Remplacer la lutte des classes par la lutte des races

Pour comprendre comment nous en sommes arrivés là, il faut admettre que la montée de l’intégrisme national et celle de l’intégrisme religieux sont les deux faces d’une même force centrifuge qui délite le corps social. Ajoutons que celle-ci trouve une bonne part de sa dynamique dans le développement de la précarisation liée au management néolibéral – qui a pour but d’isoler les travailleurs et de les empêcher de faire valoir collectivement leurs droits dans la lutte des classes.
Cela déconstruit le schème de vision sociale des difficultés rencontrées par les individus en le rendant inopérant en pratique dans la vie professionnelle. Pour faire court, on peut résumer la situation des Français au travail de la façon suivante : elle est de plus en plus vécue dans le sentiment que le travail est soit un lieu de concurrence de tous contre tous, soit ce dont on est exclu. C’est de moins en moins une activité dans laquelle l’individu œuvre pour apporter sa contribution à la société.
Dans une telle situation, il est difficile de mener des luttes collectives, et donc de se donner des sentiments d’appartenance à un groupe autre que le sentiment national. Ce sentiment devient excluant lorsque la précarité, ajoutée à la pression du discours du clergé politico-médiatique, substitue jusqu’à la nausée le regard raciste au regard social en mettant au centre de tous les débats la question de l’immigration, finalement très secondaire au regard du chômage, de la précarité, de la pollution, de la destruction des droits sociaux, tel que le droit à la retraite ou à la santé, etc.

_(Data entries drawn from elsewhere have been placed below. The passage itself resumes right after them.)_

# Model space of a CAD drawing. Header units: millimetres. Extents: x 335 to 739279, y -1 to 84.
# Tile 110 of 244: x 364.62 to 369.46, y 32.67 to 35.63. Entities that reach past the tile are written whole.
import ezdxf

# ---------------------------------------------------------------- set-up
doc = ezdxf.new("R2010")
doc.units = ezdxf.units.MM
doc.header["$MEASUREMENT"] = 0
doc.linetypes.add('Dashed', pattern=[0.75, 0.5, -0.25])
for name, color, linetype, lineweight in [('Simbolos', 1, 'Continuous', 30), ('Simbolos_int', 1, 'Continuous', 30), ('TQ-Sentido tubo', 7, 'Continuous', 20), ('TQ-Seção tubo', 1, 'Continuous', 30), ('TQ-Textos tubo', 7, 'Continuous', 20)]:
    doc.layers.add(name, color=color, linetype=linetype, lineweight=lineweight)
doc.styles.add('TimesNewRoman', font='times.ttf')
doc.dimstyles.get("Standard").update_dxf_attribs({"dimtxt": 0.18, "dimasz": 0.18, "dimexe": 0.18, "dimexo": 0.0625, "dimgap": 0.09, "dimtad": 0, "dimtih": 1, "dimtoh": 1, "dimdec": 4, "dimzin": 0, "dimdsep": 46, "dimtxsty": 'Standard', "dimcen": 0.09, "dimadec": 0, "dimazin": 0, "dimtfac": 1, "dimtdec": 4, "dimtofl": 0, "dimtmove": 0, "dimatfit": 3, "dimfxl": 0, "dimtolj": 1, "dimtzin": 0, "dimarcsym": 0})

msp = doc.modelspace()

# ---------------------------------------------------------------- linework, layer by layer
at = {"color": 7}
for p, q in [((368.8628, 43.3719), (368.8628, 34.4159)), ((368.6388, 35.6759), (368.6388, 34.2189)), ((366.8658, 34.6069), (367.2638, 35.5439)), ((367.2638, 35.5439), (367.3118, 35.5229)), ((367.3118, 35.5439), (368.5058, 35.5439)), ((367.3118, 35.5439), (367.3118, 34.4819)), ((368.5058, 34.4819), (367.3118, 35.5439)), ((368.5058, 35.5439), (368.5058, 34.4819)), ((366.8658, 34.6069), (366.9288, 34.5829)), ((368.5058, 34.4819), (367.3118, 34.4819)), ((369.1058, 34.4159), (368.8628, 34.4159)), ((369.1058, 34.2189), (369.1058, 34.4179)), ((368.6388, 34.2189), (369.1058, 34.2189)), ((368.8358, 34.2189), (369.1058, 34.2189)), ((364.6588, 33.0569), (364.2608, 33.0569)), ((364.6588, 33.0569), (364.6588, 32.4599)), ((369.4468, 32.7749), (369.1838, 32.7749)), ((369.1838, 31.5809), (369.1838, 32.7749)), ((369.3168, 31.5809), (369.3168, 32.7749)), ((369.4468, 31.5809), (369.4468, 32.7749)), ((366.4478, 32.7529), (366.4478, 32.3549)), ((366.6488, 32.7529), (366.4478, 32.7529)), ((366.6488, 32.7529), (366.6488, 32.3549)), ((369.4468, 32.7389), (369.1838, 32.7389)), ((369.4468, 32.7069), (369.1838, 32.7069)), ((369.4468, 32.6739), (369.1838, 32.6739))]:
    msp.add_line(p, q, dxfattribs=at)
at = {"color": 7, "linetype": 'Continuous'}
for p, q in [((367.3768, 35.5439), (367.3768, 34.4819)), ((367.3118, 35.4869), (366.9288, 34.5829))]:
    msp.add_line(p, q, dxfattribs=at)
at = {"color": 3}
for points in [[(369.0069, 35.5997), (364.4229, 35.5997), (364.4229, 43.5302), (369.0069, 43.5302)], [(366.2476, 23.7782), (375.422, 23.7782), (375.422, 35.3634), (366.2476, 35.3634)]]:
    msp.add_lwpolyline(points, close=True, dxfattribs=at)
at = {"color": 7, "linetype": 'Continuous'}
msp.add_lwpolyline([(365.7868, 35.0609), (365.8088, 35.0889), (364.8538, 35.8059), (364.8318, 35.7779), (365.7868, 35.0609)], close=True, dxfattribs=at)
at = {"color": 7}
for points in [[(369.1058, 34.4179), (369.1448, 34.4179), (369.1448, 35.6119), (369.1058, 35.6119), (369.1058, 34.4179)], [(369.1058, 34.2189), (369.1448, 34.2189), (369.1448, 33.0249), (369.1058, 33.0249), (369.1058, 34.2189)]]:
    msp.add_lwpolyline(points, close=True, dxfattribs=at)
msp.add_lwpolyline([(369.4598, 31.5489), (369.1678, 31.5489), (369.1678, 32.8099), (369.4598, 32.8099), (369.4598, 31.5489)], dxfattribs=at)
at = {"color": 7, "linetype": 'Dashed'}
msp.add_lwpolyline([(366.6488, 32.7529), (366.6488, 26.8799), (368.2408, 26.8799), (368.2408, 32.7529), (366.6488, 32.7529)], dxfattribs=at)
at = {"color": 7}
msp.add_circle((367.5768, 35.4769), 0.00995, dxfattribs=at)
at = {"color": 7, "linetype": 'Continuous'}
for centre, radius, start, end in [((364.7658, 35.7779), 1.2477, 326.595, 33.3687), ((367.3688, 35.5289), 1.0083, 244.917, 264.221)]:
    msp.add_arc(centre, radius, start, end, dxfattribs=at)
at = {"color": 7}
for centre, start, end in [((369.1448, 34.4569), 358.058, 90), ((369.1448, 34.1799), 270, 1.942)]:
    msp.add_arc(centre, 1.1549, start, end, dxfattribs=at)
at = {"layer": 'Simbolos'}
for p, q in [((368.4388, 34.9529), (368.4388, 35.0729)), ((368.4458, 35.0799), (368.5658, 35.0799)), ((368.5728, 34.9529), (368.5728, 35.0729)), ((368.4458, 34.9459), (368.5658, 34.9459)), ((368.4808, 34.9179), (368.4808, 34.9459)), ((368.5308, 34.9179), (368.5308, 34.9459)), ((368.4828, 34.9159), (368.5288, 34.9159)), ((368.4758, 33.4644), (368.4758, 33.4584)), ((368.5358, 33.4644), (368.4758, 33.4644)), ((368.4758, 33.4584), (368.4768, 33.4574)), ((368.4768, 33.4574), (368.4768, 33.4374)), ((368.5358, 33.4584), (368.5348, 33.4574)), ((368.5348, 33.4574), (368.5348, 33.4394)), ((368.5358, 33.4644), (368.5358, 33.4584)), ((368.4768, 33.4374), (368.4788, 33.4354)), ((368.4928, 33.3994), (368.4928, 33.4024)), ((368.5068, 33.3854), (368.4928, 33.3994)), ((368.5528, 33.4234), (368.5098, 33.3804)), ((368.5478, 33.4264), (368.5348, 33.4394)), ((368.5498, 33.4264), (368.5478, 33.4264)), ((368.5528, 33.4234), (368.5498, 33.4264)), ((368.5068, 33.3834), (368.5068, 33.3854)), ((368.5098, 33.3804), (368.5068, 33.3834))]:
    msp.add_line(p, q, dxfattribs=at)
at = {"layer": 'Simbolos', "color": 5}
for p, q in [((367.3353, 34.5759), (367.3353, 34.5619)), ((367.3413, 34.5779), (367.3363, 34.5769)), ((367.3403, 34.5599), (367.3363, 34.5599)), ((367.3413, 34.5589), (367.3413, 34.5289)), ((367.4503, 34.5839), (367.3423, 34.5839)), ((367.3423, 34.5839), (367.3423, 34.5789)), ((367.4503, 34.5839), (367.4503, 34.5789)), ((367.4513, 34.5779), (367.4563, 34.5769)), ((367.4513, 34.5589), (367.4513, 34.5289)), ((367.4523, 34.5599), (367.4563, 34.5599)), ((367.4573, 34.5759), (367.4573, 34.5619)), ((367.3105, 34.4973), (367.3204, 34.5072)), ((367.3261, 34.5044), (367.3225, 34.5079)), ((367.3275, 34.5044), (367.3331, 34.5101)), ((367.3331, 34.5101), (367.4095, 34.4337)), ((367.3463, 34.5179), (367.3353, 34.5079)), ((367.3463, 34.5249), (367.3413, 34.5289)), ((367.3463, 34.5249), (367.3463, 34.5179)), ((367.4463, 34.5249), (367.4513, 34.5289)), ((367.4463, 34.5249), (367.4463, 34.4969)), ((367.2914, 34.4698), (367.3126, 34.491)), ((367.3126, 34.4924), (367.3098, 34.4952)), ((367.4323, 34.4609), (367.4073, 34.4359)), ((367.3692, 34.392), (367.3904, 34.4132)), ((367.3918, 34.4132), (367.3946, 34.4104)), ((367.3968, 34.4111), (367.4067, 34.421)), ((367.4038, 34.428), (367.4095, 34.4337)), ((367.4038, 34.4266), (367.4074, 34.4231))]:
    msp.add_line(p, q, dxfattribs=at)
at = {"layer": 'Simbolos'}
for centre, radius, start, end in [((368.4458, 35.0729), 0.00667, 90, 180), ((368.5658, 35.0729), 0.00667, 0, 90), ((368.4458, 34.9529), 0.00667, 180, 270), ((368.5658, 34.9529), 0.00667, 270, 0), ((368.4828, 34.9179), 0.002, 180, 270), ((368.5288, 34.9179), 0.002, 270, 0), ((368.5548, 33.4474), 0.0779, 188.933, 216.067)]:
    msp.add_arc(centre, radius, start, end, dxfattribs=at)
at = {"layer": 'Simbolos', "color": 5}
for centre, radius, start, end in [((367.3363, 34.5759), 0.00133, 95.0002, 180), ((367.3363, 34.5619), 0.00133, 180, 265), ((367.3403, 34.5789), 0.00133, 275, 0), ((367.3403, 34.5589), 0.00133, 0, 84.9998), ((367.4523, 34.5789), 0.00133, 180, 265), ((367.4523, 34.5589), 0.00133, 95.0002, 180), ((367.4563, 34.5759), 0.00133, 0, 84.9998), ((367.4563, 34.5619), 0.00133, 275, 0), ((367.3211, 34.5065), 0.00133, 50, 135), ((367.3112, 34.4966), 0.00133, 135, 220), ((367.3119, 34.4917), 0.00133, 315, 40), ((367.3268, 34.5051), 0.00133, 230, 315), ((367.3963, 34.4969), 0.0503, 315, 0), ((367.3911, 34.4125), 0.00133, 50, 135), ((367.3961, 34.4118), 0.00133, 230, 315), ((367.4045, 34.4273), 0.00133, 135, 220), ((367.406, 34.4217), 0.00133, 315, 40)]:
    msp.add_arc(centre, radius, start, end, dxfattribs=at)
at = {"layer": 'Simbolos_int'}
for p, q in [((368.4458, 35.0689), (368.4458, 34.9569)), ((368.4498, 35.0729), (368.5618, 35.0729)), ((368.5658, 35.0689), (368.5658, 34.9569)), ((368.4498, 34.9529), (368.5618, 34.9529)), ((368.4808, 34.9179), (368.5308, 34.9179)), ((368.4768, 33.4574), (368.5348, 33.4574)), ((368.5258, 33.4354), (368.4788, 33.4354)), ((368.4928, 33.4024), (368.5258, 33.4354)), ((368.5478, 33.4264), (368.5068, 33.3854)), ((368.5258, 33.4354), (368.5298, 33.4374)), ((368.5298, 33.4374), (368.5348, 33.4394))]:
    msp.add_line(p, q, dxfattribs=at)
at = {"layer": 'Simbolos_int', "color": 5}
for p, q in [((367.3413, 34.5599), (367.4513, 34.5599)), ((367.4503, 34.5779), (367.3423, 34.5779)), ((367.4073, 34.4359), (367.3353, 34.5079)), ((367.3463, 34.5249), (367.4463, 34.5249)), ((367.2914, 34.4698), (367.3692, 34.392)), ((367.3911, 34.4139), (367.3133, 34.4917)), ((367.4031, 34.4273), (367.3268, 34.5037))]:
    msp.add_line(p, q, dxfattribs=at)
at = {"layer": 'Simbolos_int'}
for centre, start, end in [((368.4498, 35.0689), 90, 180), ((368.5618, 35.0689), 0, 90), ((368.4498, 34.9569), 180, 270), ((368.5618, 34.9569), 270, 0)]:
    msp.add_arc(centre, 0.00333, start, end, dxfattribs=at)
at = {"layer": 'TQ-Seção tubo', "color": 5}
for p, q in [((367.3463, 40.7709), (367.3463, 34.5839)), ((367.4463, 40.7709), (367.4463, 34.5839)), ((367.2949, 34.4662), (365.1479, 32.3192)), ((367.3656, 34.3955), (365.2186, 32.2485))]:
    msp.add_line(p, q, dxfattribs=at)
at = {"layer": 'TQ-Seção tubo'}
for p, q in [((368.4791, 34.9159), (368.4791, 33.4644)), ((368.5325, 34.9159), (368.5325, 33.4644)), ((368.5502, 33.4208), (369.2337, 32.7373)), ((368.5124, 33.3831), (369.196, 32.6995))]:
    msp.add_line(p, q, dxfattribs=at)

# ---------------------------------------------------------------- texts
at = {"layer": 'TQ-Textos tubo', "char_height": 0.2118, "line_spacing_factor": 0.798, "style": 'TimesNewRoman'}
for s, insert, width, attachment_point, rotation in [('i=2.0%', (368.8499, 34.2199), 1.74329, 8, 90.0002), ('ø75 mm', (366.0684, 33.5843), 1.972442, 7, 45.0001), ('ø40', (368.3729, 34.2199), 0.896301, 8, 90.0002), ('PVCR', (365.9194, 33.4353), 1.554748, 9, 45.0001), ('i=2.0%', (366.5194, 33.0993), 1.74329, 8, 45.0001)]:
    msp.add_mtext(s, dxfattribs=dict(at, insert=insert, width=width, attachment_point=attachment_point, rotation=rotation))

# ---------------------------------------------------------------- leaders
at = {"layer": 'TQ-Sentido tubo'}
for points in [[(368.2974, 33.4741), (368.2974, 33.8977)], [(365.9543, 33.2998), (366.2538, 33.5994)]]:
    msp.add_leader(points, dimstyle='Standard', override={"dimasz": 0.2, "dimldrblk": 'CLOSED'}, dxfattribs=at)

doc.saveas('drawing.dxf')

Dans ce cadre, il n’y a rien d’étonnant à ce que les dominés parmi les dominés, à savoir la fraction la plus précaire de ceux qu’on appelle à tort des immigrés, puisque la plupart d’entre eux sont nés en France, adoptent le schème de division dominant de la société et l’adaptent à leur vécu. En effet, dans leurs rapports avec la police et plus généralement avec les services publics, dans leur rapport au travail, l’expérience quotidienne de l’exclusion leur montre qu’ils ne sont pas français comme les autres. Ils doivent sans cesse montrer qu’ils « méritent » leur nationalité, donner des gages et rassurer. C’est par exemple le fait d’être soumis a des contrôles d’identité au faciès en permanence, ou d’avoir à manifester « en tant que musulman » sa réprobation lorsqu’il y a des attentats. Tout cela les oblige à se positionner « en tant que musulmans », même lorsqu’ils ne le sont pas, et non « en tant que Français ». Ce sont des démarches visant à faire sentir à ceux qui en sont l’objet qu’ils ne sont pas français de plein droit. C’est une façon de les soumettre en permanence au devoir de justifier leur présence en France et montrer patte blanche.
Face à cette exclusion de fait, ceux qui sont considérés éternellement comme des Français de second rang n’ont que le choix entre la soumission, qui s’exprime par l’hypercorrection, ou la révolte. Dans le second cas, comme le montre le sociologue Abdelmalek Sayad dans « La Double Absence », ils adoptent un comportement typique des dominés en revendiquant ce qui les stigmatise, c’est-à-dire en reprenant à leur compte la manière dont ils sont nommés. C’est ainsi que l’exclusion dont ils sont victimes les amène à se revendiquer d’une autre communauté que la communauté nationale. Les belles âmes qui exhortent le plus le reste de la population à les rejeter ont alors beau jeu d’inverser l’ordre des causes en affirmant que ces Français « ne veulent pas s’intégrer ».

Extrait d’un article de Laurent Paillard publié dans Les Zindigné(e)s de février 2016.